Learned counsel for the appellant has further relied upon a judgment rendered by Hon'ble Supreme Court in the case of K. S. ParipoornanVs. State of Kerala and others reported in (1994) 5 SCC 593, which relate to effect of the amendment in the Land Acquisition Act in pending proceedings wherein it was held that they are unaffected by the changes in law so far as they relate to the determination of the substantive rights and in absence of a clear indication of a contrary intention in an amending Act, such cause of action has to be determined as per law as it existed. Learned counsel while referring to the judgment rendered in the case of Hitendra Vishnu Thakur and othersVs. State of Maharashtra and others 4. reported in (1994) 4 SCC 602, has submitted that a statute which affects substantive rights is presumed to be prospective in operation unless made retrospective. It is submitted that the scheme in question is conferring substantive rights which should be given effect to prospectively and therefore cannot govern the case of the petitioner.
5. Learned counsel for the writ petitioner/respondent herein has defended the impugned judgment. It is submitted that learned Single Judge after considering the material facts that though the scheme of 21st March, 2001 came into force after the death of husband of the petitioner but the payments were made by office of Accountant General on 13th February, 2002 after issuance of sanction order by the competent authority under the State Government, admittedly after coming into force of new scheme, the writ petitioner was entitled to enhanced compensation by advancing a liberal and beneficial to such a welfare provision. It is submitted that the case of the writ petitioner was not closed before new scheme came into force on 21st March, 2001 nor was any decision taken on the said claim before 21st March, 2001. Therefore, the learned writ court held that the claim of the petitioner would be guided by new scheme. It is submitted that the impugned judgment is a well reasoned one duly considering the beneficial import of the resolution of 21st March, 2001 which grants exgratia compensation of Rs. 10 Lakhs without any discrimination on account of post and grade to the victim's family and other benefits as well. It is submitted that learned writ court has rightly held that the aim and object of the scheme is to boost the morale of the police force/Government employees dying in such extremists violence and to extend adequate support to their families in the event of their death. Therefore, no interference is warranted in the impugned judgment.
6. We have considered the rival submission of the parties and given anxious thought to the issue involved herein. On perusal of circular/letter no. 350 dated 21st March, 2001 issued by the Home Department, Annexure2, it appears that the State Government had felt that the facilities provided under the earlier resolution of 5th May, 1997 (hereinafter referred to as the "Old Scheme), Annexure1 to police personnel/government employees injured in naxal/extremists violence during the course of their duties or to the dependent of such deceased employees, were not sufficient and the procedure 5. prescribed was quite lengthy and complicated, as a result the intended benefits could not reach the beneficiaries on time. This had resulted in serious discontent amongst the concerned employees which was having adverse affect on the efficiency and work culture of the administrative machinery.

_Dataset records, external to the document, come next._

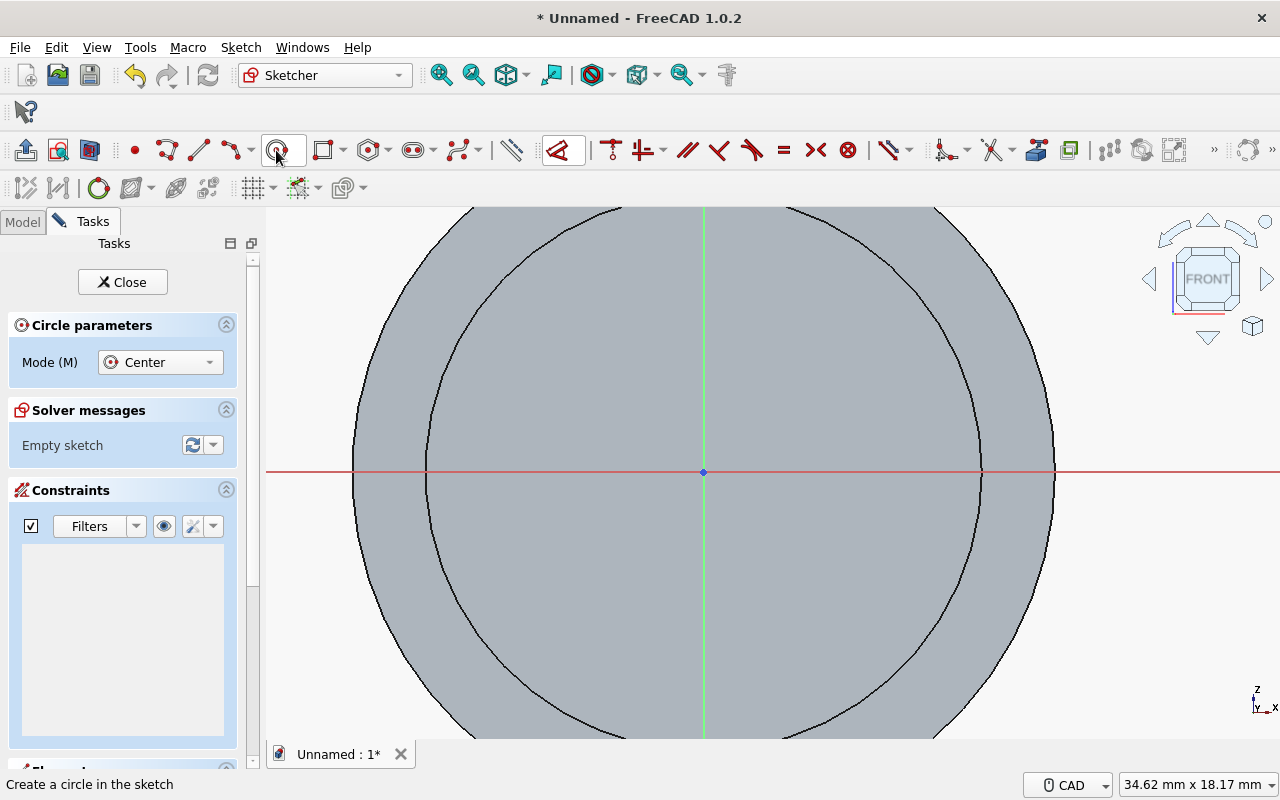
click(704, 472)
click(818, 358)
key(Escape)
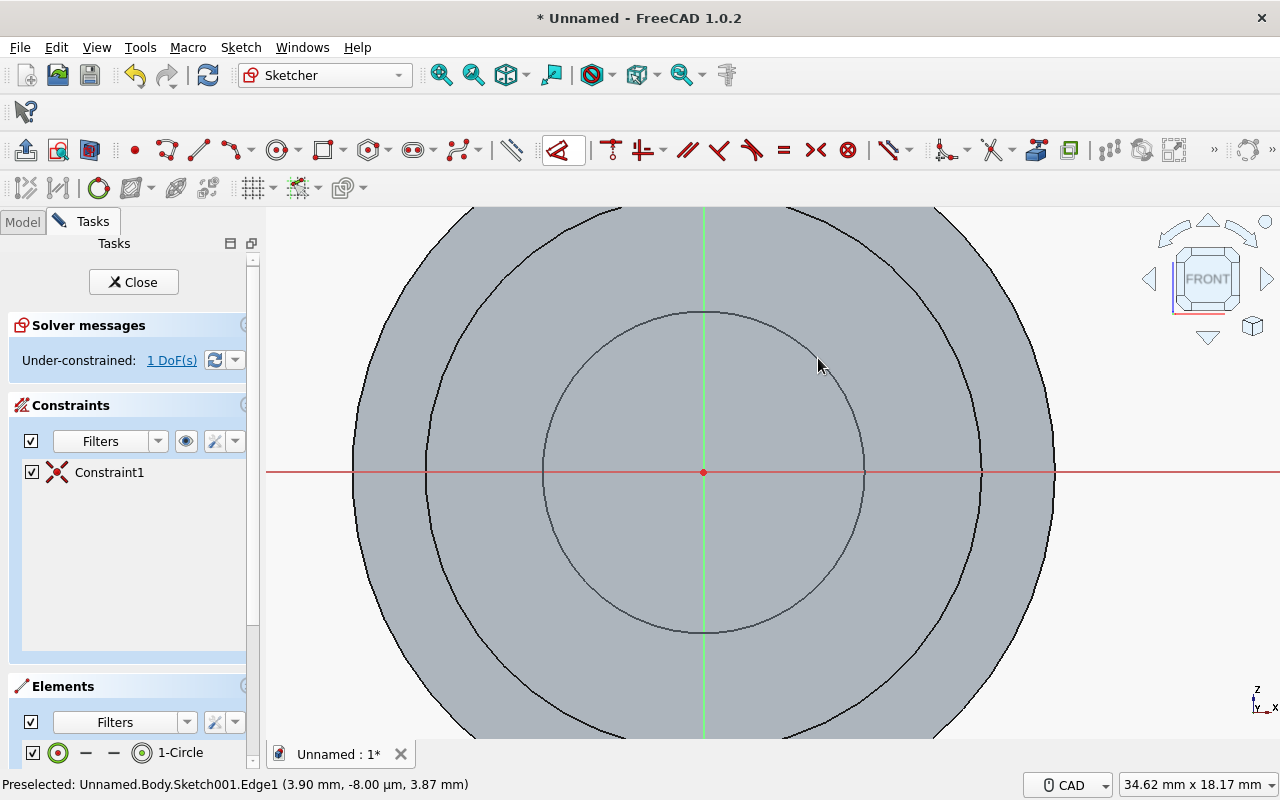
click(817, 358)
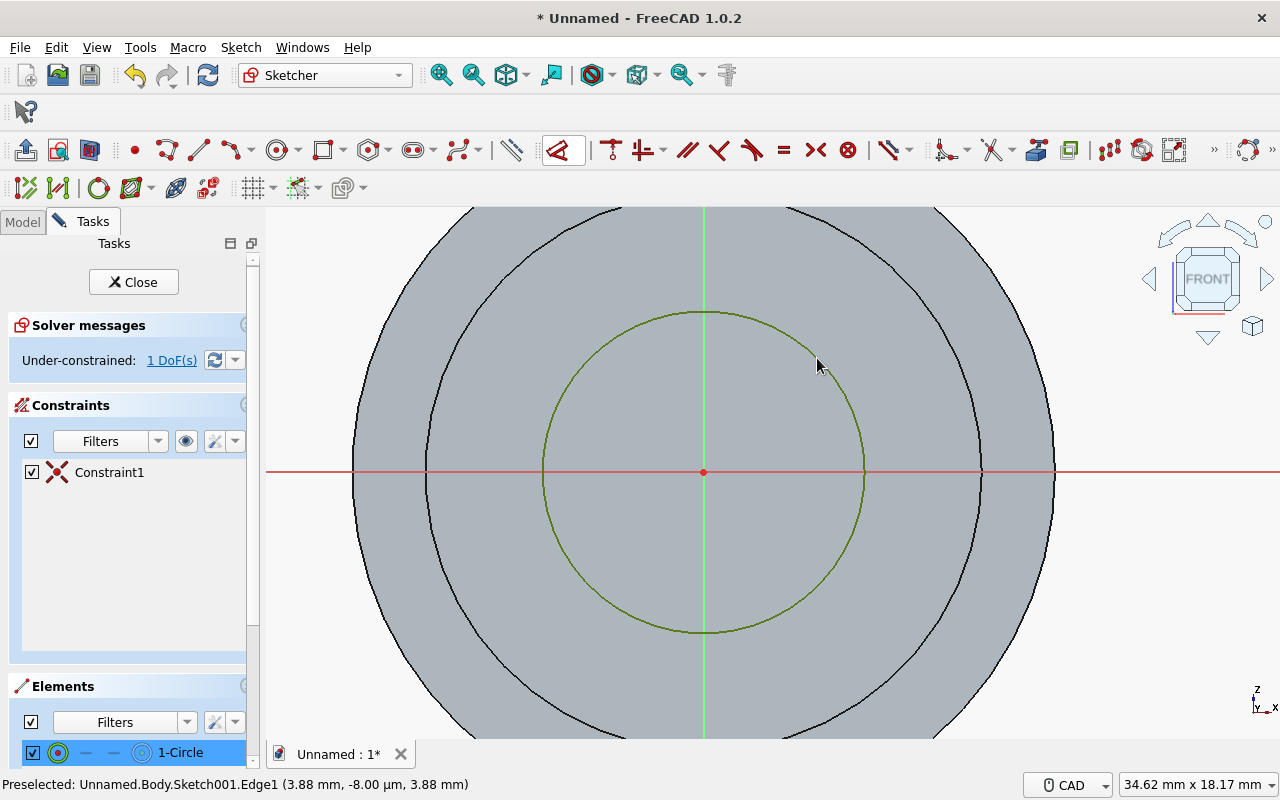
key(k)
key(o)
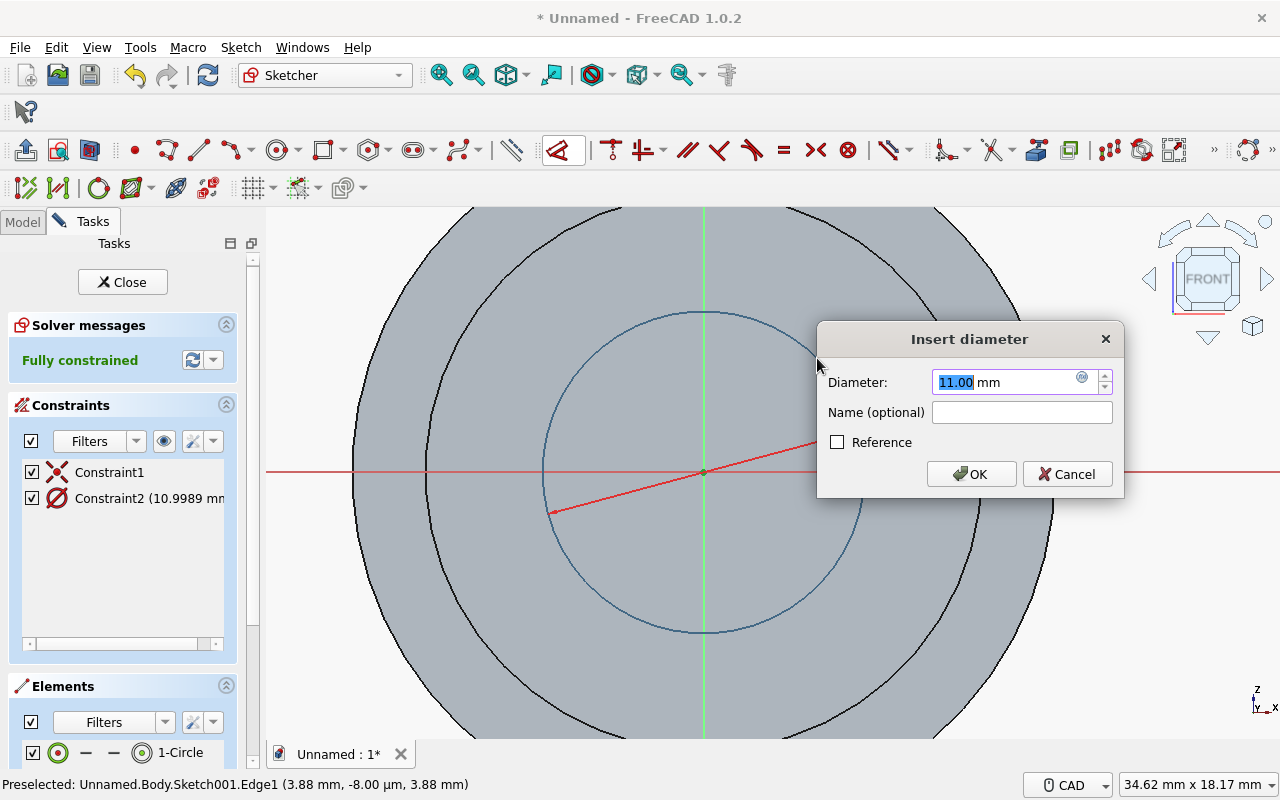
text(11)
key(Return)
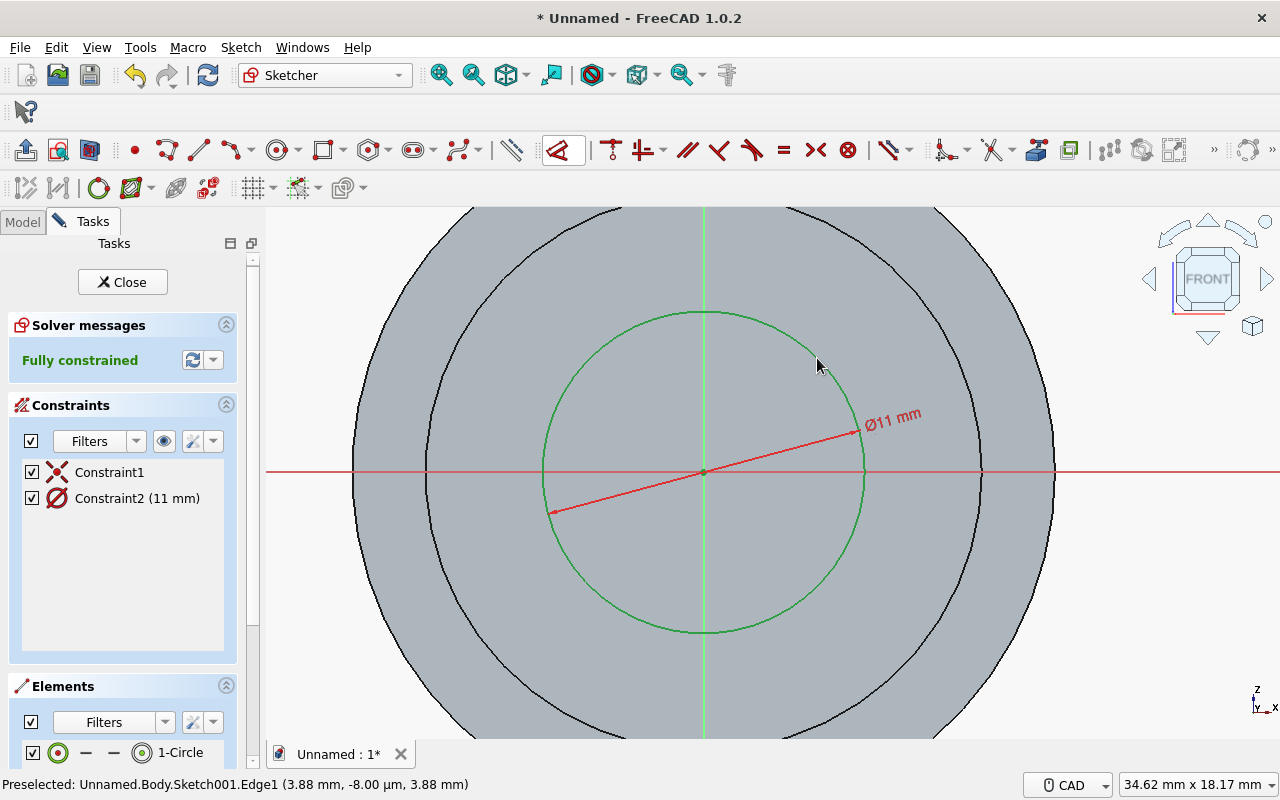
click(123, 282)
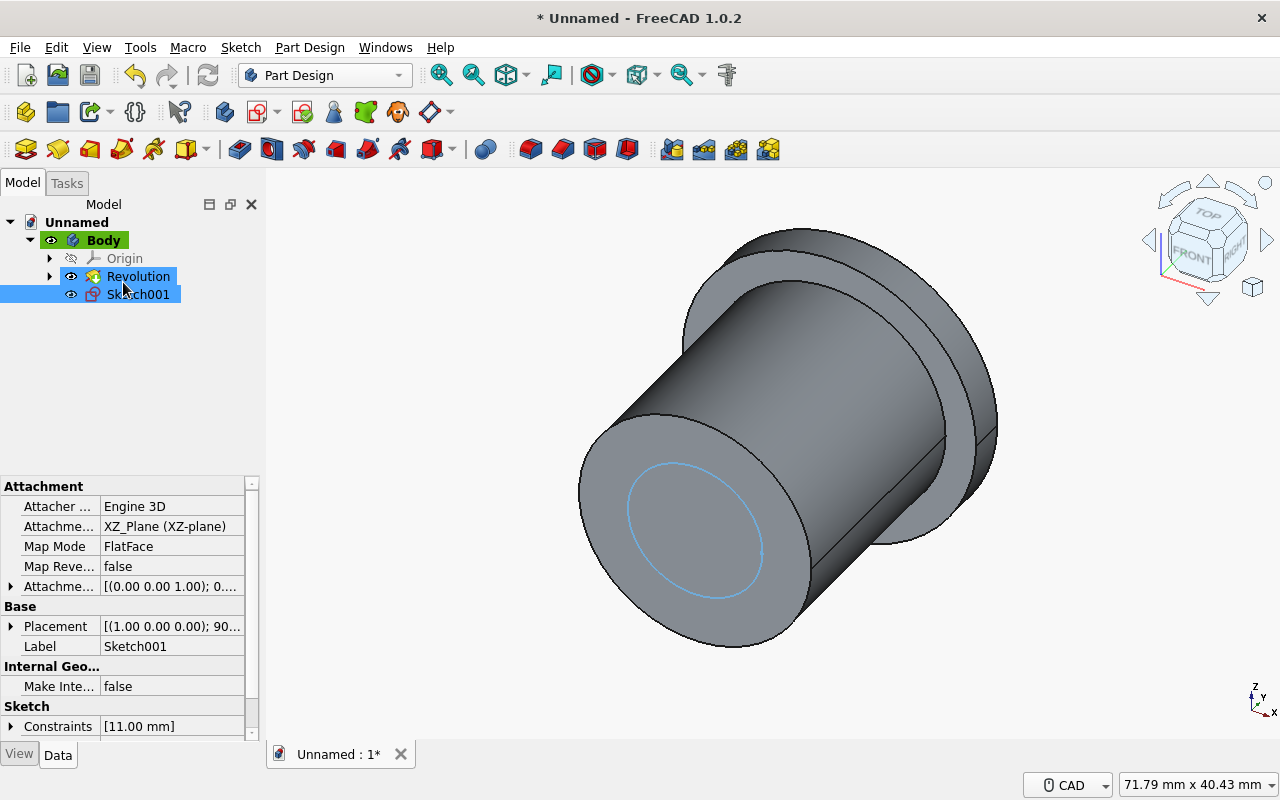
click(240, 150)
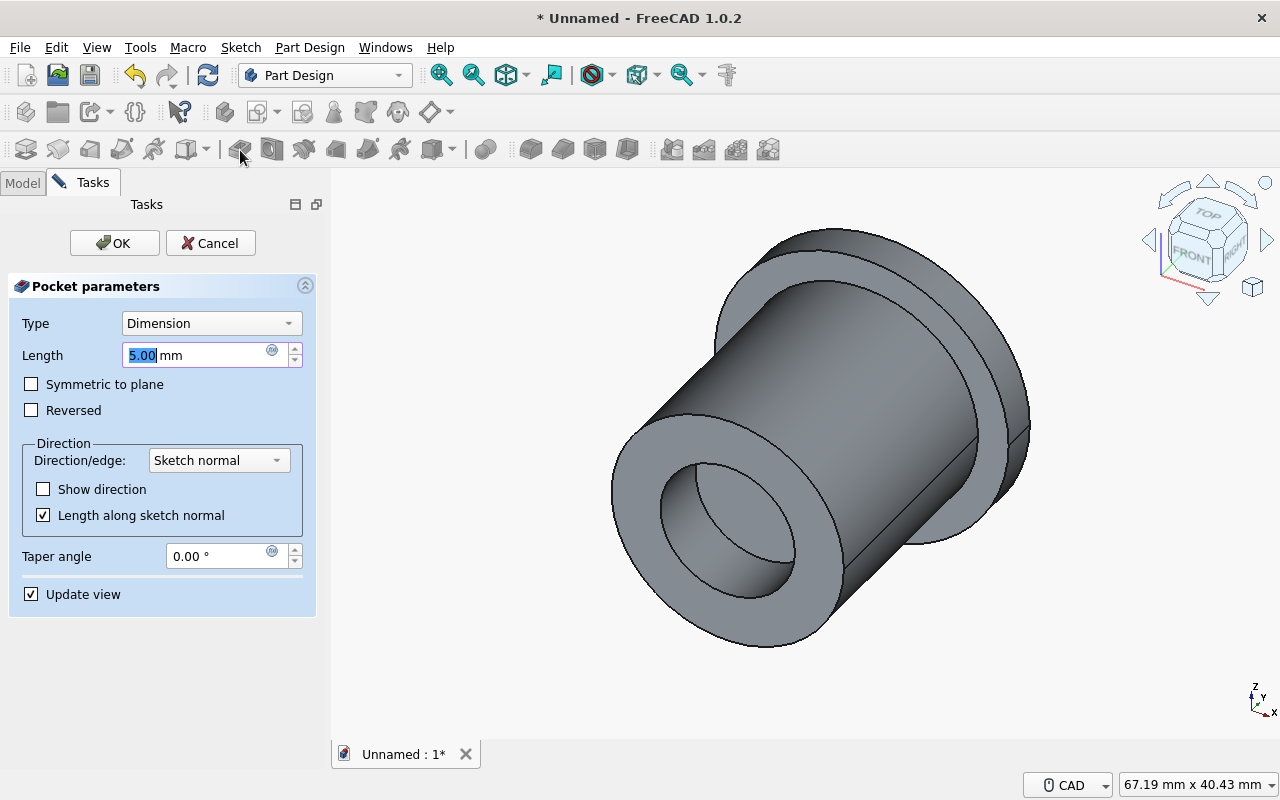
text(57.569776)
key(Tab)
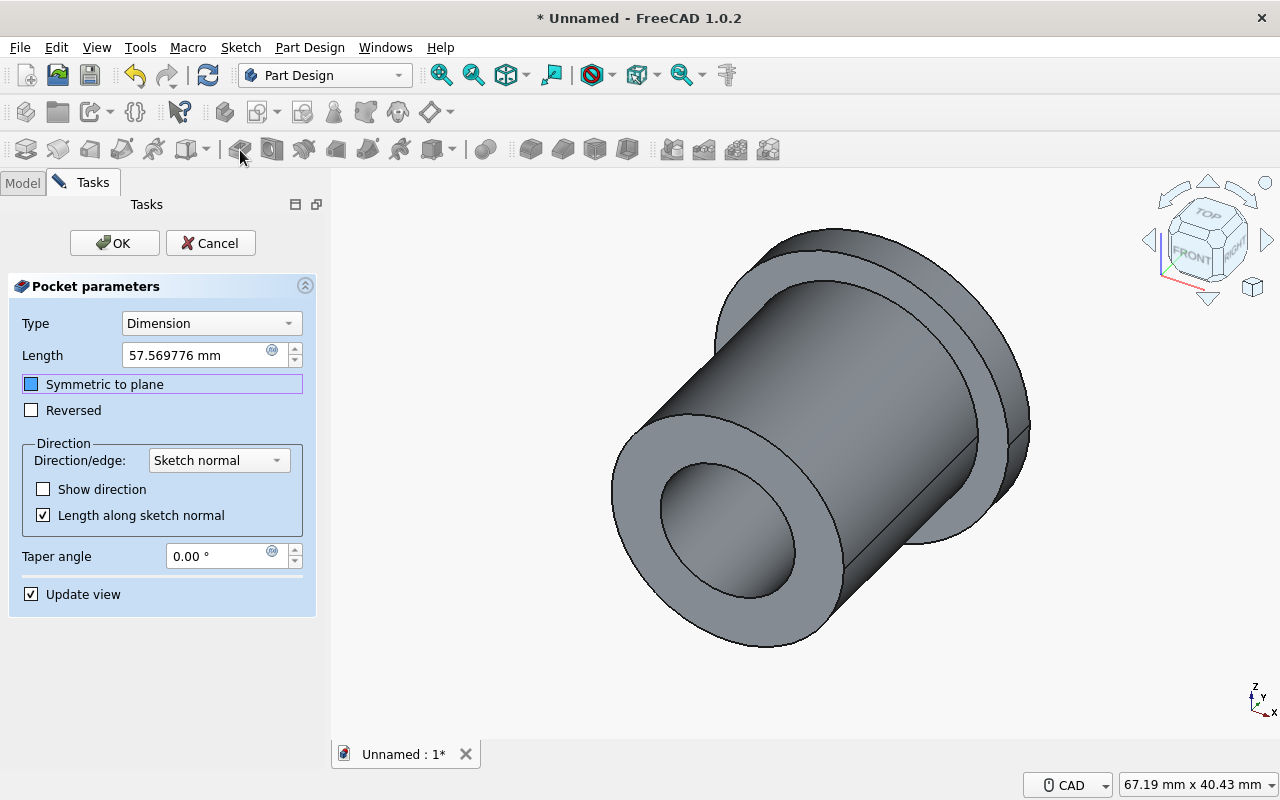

Therefore, after due consideration by the State Government it was decided that henceforth police personnel Government employee killed/injured in naxal/extremist activities would be given compensation/benefits as per the criteria prescribed thereunder. The relevant conditions which are germane to the present controversy are contained in para 2(k) (i) of the said circular. It provides for compensation of Rs. 10 Lakhs to the family/dependent of such a police personnel/government employees killed in course of duty in an extremists violence without any discrimination on the basis of post or grade amongst different employees. The scheme also provided for payment of salary for the balance period of service to the dependent family till the victim employee would have reached the age of superannuation. It also provided for immediate appointment to the dependent on the post other than the Gazetted post. The scheme also provided for retention of the Government quarter for a period of one year without any rent or in the alternative rent for a period of 1 year to the family who were residing in a rented house. The scheme also contemplated the provision of free education facilities for maximum two children with certain conditions, at the same time. The scheme was made applicable with immediate effect.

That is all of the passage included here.